Le coup est parti le 6 décembre, quand Gérard Chausset, un adjoint (EELV) au maire de Mérignac, a signalé aux services du préfet de la Gironde que ce lotissement de 18 maisons appartenant à la DGAC était majoritairement inoccupé. Cinq jours plus tard, Michel Delpuech, le préfet de Gironde et d’Aquitaine, a pris la décision de confier 10 de ces maisons au bailleur social Gironde Habitat. Deux jours plus tard, l’opération était calée au cours d’une réunion organisée avec la DGAC, Gironde Habitat et Emmaüs, qui se charge de l’accompagnement social des nouveaux occupants. Une convention lie les parties. Aucune réquisition n’a été prononcée.

Les quatre premières familles ont pu emménager avant Noël, tandis que chauffage et plomberie étaient rapidement vérifiés. Six autres vont suivre. Des familles logées à l’hôtel ou dans des appartements exigus et insalubres, des demandeurs d’asile menacés d’être mis à la rue, des travailleurs pauvres… Toute la gamme de ce mal-logement qui lève depuis le début du millénaire.
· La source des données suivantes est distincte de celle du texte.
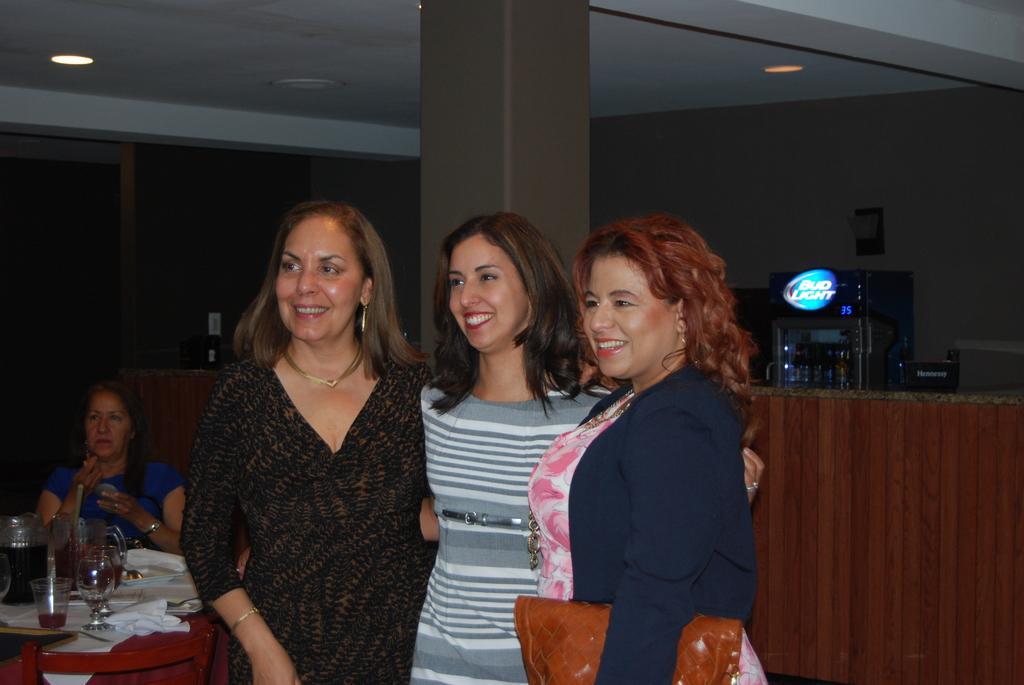How would you summarize this image in a sentence or two? In this image in front there are three people wearing a smile on their faces. Behind them there is a pillar. Beside them there is a table. On top of it there are glasses, clothes. There is a person sitting on the chair. In the background of the image there is a wall. There is a fridge with some objects in it. On top of the image there are lights.

En soulignant cette initiative, Cécile Duflot a voulu s’extirper du débat qui s’articule sur la seule réquisition des logements vacants, sur les doléances du DAL (Droit au logement) et la lenteur des procédures. « Parfois, la réquisition n’est pas nécessaire. Ici, c’est le bon exemple. Quand tout le monde se mobilise, le résultat est bien plus rapide qu’avec tous les dispositifs coercitifs », a appuyé la ministre en rendant hommage à Gérard Chausset et à tous les autres acteurs de l’affaire.

La SNCF et la RATP aussi

Ce type de conventionnement est à ce jour une rareté. Le mener à bon port, dans un délai aussi ramassé, est un cas unique. Cet automne, la SNCF a elle aussi mis à disposition des nécessiteux des logements qu’elle possède dans la région parisienne et à Marseille. La RATP a fait de même en Île-de-France. Le ministère souhaiterait que ce système fasse école, dans le parc public comme dans le privé. « Rien que dans l’agglomération bordelaise, vous avez 23 000 logements vacants. Ils peuvent être conventionnés ! » veut croire Cécile Duflot. »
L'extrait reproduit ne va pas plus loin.